Redelong - Maraknya penyebaran covid-19 atau populer disebut virus corona, membuat banyak orang merasa khawatir, cemas, gelisah, dan bahkan ada yang stres. Apalagi Pemerintah juga telah mengeluarkan maklumat social distancing (jaga jarak)
agar semua masyarakat menghindari kerumunan dan dilarang keluar rumah jika tidak ada keperluan yang urgen. 

Imbauan social distancing telah berlangsung selama lebih sepekan. Social distancing dimaksudkan untuk mencegah dan memutus mata rantai penyebaran virus covid-19. Jadi setiap orang harus menjauhi keramaian, juga diharuskan berdiam di rumah. Membuat sebagian orang tak bisa bekerja dan menjadi suntuk. 

Namun, sebagian masyarakat Gayo memiliki kemudahan menerapkan social distancing, yakni beraktivitas di kebun. Masyarakat Gayo yang berada di Dataran Tinggi Gayo (Kabupaten Bener Meriah, Aceh Tengah, dan Gayo Lues) rerata memiliki kebun dan bermata pencaharian sebagai tani. Karena itu, masyarakat Gayo menghindari keramaian dan bertemu banyak orang dengan melakukan berbagai aktivitas di kebun, seperti mulelang (membersihkan), nebes (membabat), nyumpet (mengganti kopi yang mati) dan ngutip kupi.

Ngutip adalah suatu istilah dalam bahasa Gayo yang berarti memetik. Sementara kupi berarti kopi. Bagi sebagian masyarakat Gayo ngutip telah menjadi profesi tetap mereka, baik yang memiliki kebun atau tidak karena pengutip kopi yang tidak memiliki kebun bisa ngutip di kebun orang sebagai tenaga kerja harian (freelance) atau dapat juga sebagai tenaga kerja tetap (semacam kontrak).
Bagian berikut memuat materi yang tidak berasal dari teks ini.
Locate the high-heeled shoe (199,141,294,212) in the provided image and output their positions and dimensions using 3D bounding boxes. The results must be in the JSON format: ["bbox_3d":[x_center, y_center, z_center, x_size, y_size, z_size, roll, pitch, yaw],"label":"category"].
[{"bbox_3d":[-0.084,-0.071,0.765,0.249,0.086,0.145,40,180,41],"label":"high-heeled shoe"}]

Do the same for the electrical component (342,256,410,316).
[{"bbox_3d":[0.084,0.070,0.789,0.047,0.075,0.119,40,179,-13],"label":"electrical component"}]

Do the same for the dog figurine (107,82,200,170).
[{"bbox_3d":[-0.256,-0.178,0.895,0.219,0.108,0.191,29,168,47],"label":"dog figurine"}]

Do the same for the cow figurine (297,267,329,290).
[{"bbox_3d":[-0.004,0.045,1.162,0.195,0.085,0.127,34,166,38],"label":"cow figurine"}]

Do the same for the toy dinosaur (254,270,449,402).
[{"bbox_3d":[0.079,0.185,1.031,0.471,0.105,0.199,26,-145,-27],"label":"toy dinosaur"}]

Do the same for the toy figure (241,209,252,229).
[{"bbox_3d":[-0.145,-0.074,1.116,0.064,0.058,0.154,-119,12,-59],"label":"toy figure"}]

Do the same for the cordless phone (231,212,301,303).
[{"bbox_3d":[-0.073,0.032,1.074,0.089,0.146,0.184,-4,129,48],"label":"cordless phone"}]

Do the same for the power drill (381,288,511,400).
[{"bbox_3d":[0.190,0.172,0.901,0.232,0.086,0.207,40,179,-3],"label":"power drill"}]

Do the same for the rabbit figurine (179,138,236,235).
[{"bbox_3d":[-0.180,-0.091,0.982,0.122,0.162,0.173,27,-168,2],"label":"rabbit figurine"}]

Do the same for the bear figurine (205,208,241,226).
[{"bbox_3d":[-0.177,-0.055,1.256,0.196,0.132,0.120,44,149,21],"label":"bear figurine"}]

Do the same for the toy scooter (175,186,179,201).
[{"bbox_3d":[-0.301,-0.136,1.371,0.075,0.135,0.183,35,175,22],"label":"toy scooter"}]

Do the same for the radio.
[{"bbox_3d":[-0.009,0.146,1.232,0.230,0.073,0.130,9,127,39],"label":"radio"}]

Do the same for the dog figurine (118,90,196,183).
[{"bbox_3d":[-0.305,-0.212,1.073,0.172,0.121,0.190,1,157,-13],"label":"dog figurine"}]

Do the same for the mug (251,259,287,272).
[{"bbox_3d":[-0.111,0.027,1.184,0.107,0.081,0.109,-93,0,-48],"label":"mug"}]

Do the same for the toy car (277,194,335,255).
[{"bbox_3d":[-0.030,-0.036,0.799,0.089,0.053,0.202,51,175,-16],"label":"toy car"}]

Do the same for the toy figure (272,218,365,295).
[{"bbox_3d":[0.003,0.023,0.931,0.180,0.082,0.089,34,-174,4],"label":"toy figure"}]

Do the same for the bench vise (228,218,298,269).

Ada juga pengutip dengan sistem namat empus jema, yaitu pemilik kebun menyerahkan urusan mengutip kepada satu orang untuk mengatur segala sesuatunya. 

Jika dia sanggup mengutip sendiri, tidak diajak orang lain. Namun bila tidak sanggup tentu harus diajak orang lain yang dinamakan jamu (tamu) atau ngutip dengan mengajak orang lain (bejamu) ngutip. Kendati bejamu ngutip, tetap diberikan upah oleh pemilik kebun. Tetapi jika bejamu tersebut dalam berume (mengerjakan sawah), maka tidak diberikan upah.

Upah ngutip sangat menjanjikan bahkan bisa melebih Upah Minimum Regional (UMR) bagi pengutip profesional. Sebagai pengutip profesional, hasil kutipannya rata-rata bisa mencapai 8-10 tem (kaleng) perhari. Dengan takaran 1 tem setara 10 bambu/20 liter kopi merah (gelondong). Bahkan ada pengutip yang mampu mencapai 15 kaleng perhari, tetapi itu sangat jarang ditemui. 

Jika dikalkulasikan 10 tem x Rp. 25.000 maka penghasilan pengutip kopi bisa mencapai Rp.250.000 ribu perhari. Rp 250.000 x 30 hari maka pendapatan menjadi 7.500.000 per bulan. Sementara lamanya panen kopi berkisar antara 3-5 bulan dengan masa panen 2 kali setahun.  Berarti per sekali panen bisa mencapai 37.000.000 dan 75.000.000 pertahun. Sementara waktu kopi tidak berbuah atau masa kosong bisa mencapai 3-6 bulan. Pendapatan itu bisa mengalahkan gaji Pegawai Negeri Sipil (PNS) golongan III/a. (dn/fa/diskominfo-bm).